### [Exercise input]
┏━━
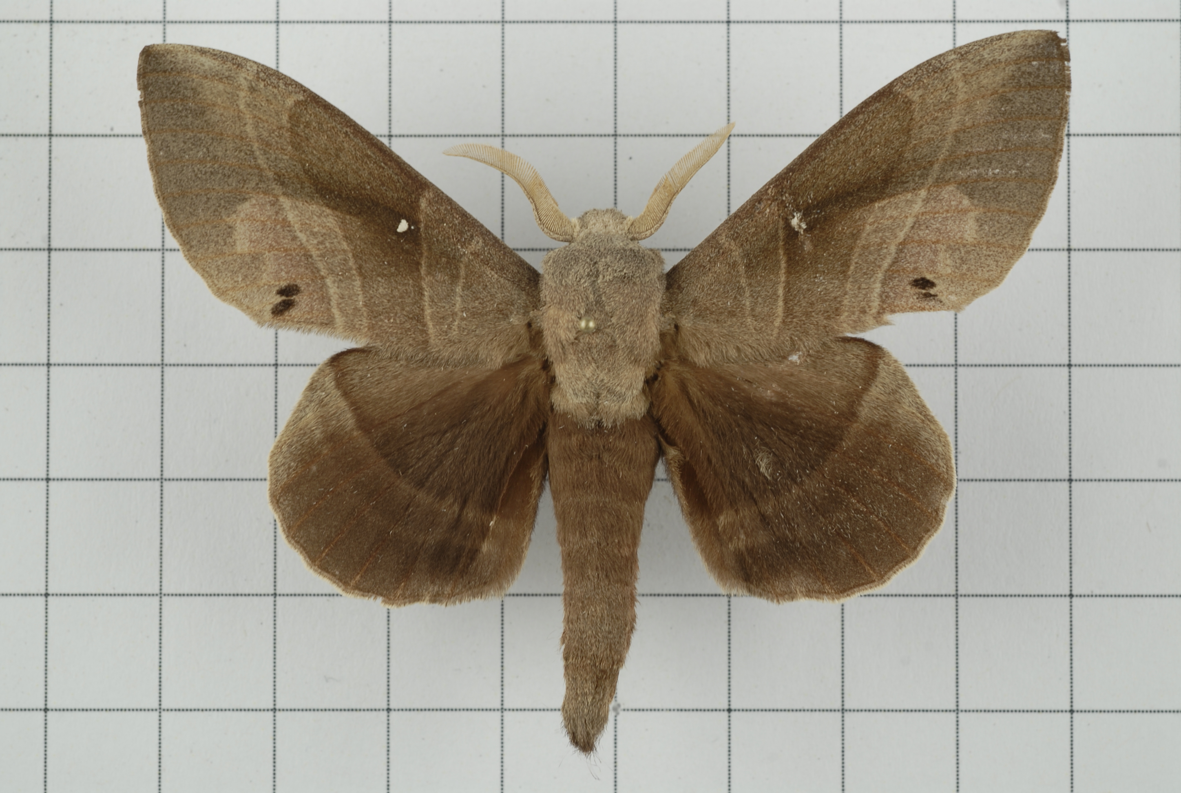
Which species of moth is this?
Lebeda nobilis nobilis
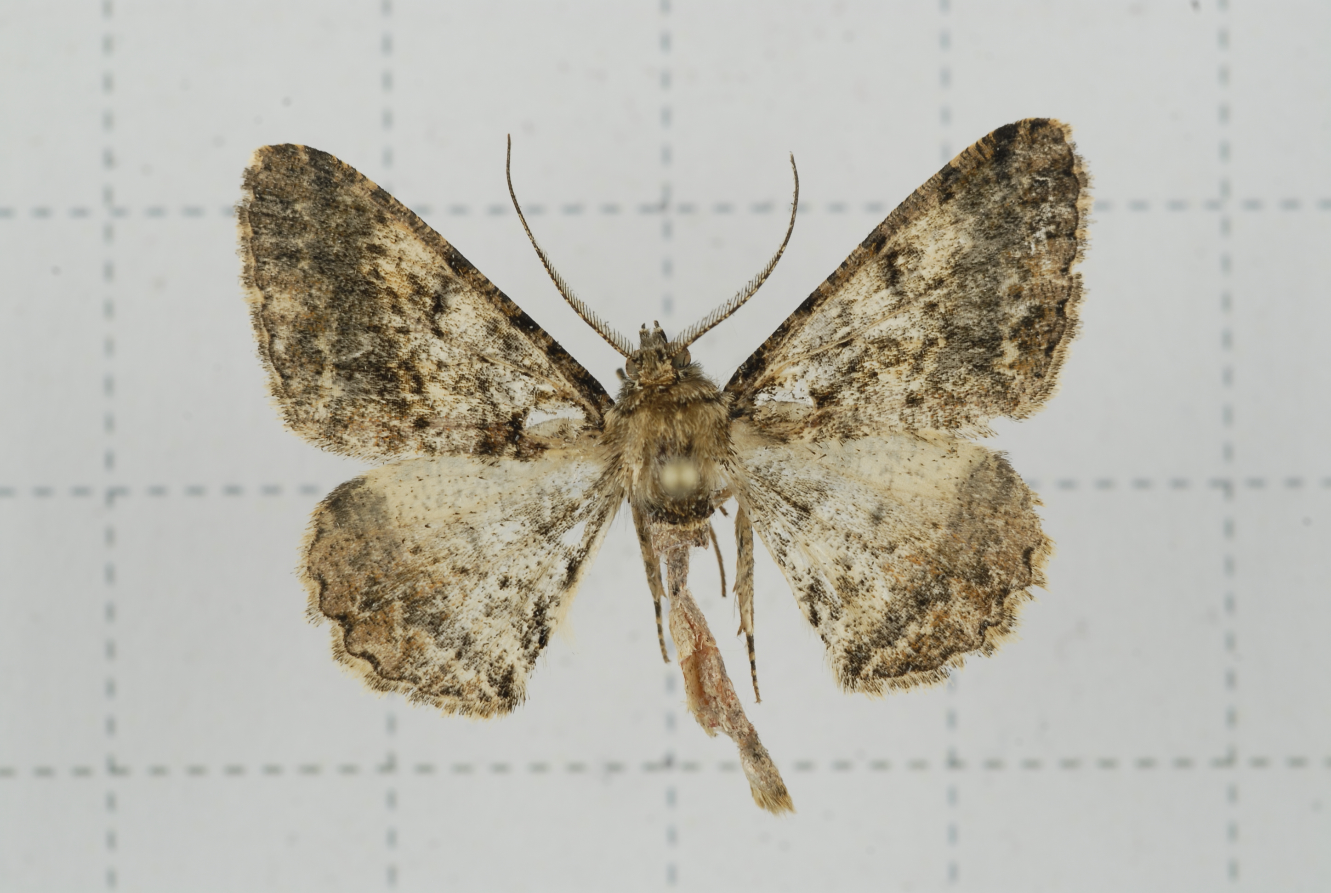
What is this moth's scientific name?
Alcis taiwanovariegata
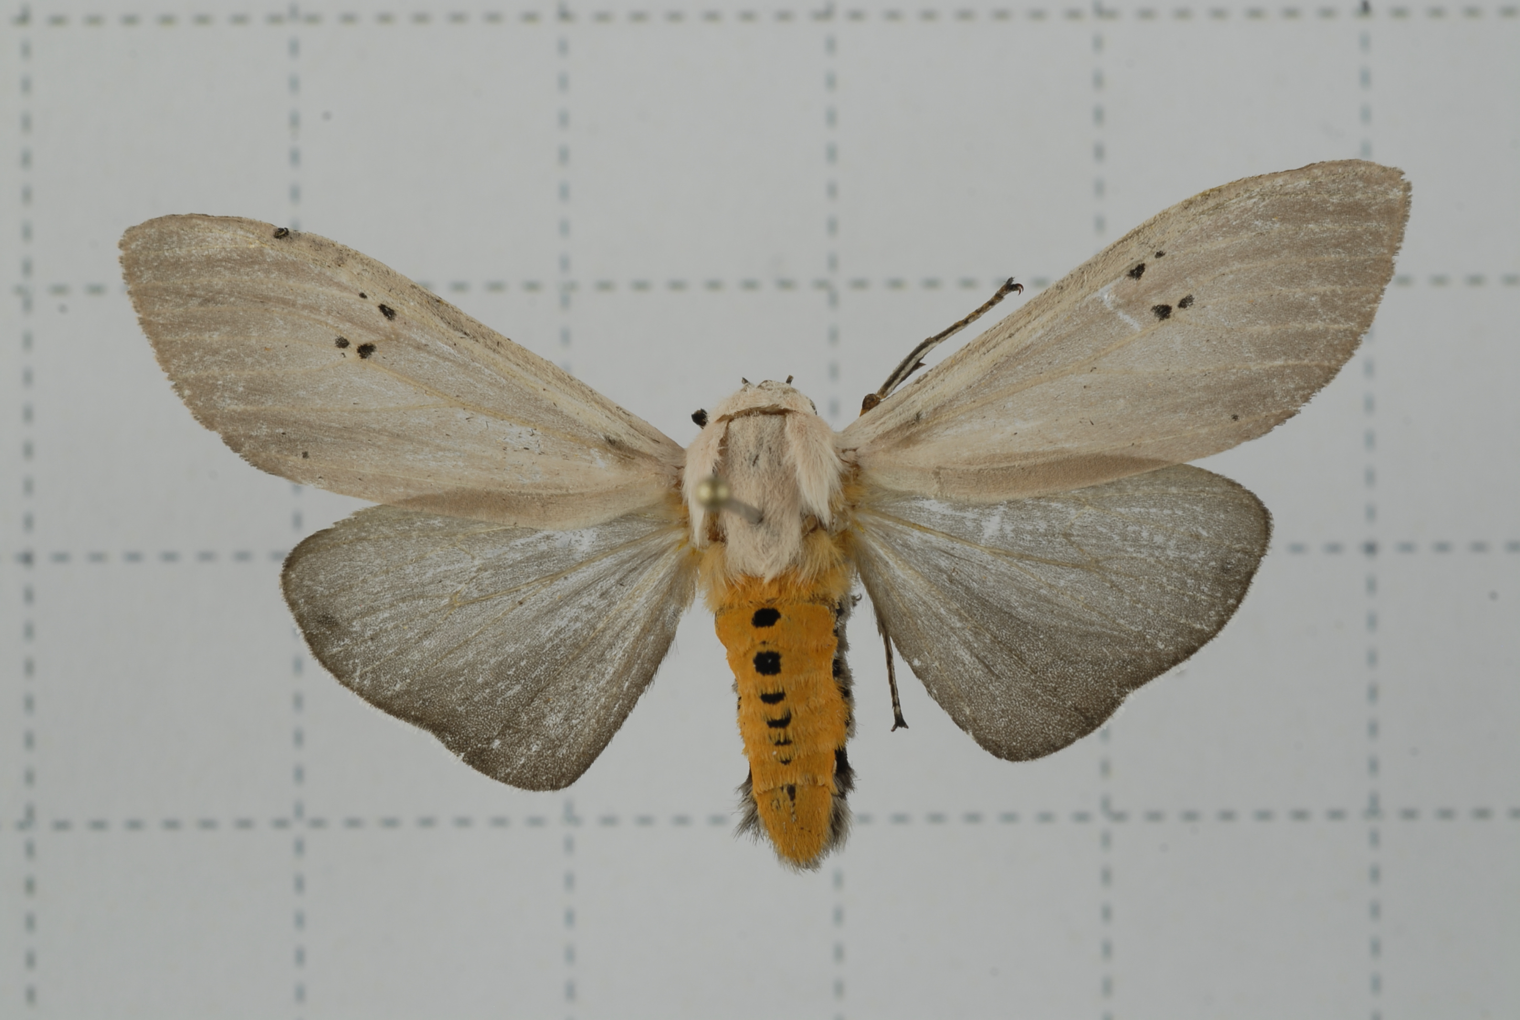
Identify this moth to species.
Creatonotos transiens koni
┗━━
Word for word, restate all of the records. Exclude the pictures.

### [Result for this task]
Which species of moth is this?
Lebeda nobilis nobilis
What is this moth's scientific name?
Alcis taiwanovariegata
Identify this moth to species.
Creatonotos transiens koni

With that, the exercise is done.